How to use the Dependency Submission Action

The Dependency Submission Action is ready for wide adoption and we recommend that all Gradle projects on GitHub use it. To use Dependency Submission Action, follow the steps in the readme.

For basic usage, you need a simple YAML file in .github/workflows/ directory of your repository, for example, .github/workflows/dependency-submission.yml:

name: Dependency Submission

on: 
  push:
    branches: [ "main" ]

permissions:
  contents: write

jobs:
  dependency-submission:
    runs-on: ubuntu-latest
    steps:
    - name: Checkout sources
      uses: actions/checkout@v4
    - uses: actions/setup-java@v4
      with:
        distribution: 'temurin'
        # change if your project requires a different Java version
        java-version: '17' 
    - name: Generate and submit dependency graph
      uses: gradle/actions/dependency-submission@v3

You can see a live example of this GitHub Workflow here. The source file of the GitHub definition can be found in .github/workflows/dependency-submission.yml. Once the first push is executed or you trigger the dependency submission manually, you will be able to see the following build output:

Dependency Submission Action - Execution Log

You can find more advanced configurations and settings in the Dependency Submission Action documentation.

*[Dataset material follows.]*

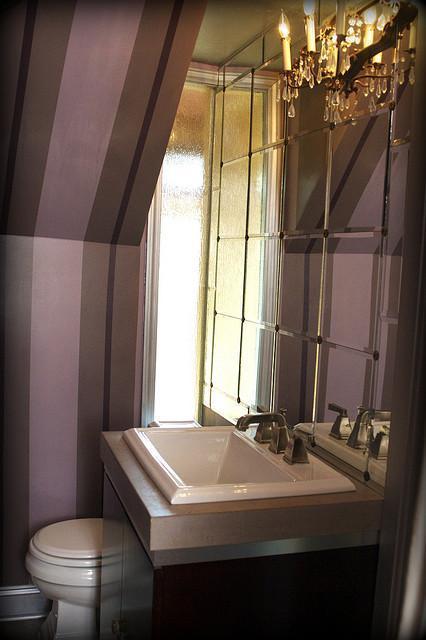How many sinks on the wall?
Give a very brief answer. 1.

How the Dependency Submission Action works

The key challenge in integrating Gradle Build Tool, GitHub dependency graph, and Dependabot alerts was to provide all dependencies used in the project in their correct versions, considering all of the complexities of the underlying dependency management engine.

In order to provide complete and accurate dependency versions, the Dependency Submission Action for Gradle applies a specialized plugin and runs a small Gradle build that resolves all project dependencies. This means that the submitted dependency versions are exactly the same as those actually used by the project. The action is invoked in a separate workflow step, but will still benefit from optimizations provided by the Setup Gradle Action, and can also use build cache.

Whenever the dependency-submission workflow is run, the GitHub dependency graph is updated with the latest dependency versions for the project. This makes dependency data visible in the Insights > Dependency graph tab of the repository, and enables Dependabot security alerts to be visible with associated notifications sent for any new vulnerabilities.

Get help and share feedback

We created a dedicated channel for Q&A and discussions. Join us in our Gradle Community Slack at the #github-integrations channel for assistance with enabling Dependency Submission Action and fixing vulnerabilities in your project. We would appreciate any feedback on this channel, too!

If you want to report a defect, please use GitHub Issues on the Gradle actions repository. There, you can also subscribe for new release announcements.

What’s next

With this GitHub integration, Gradle will help developers deal with vulnerable dependencies, but our goal does not stop there. We plan to continue expanding functionality and adding more features and UX improvements.

To accelerate adoption, Gradle Build Tool engineering team will be submitting pull requests to selected open-source projects that enable the action, starting with Gradle community plugins.

We also want to help maintainers integrate dependency fixes — including those for transitive dependencies — more quickly, and we are contributing to make this easier with Dependabot security updates.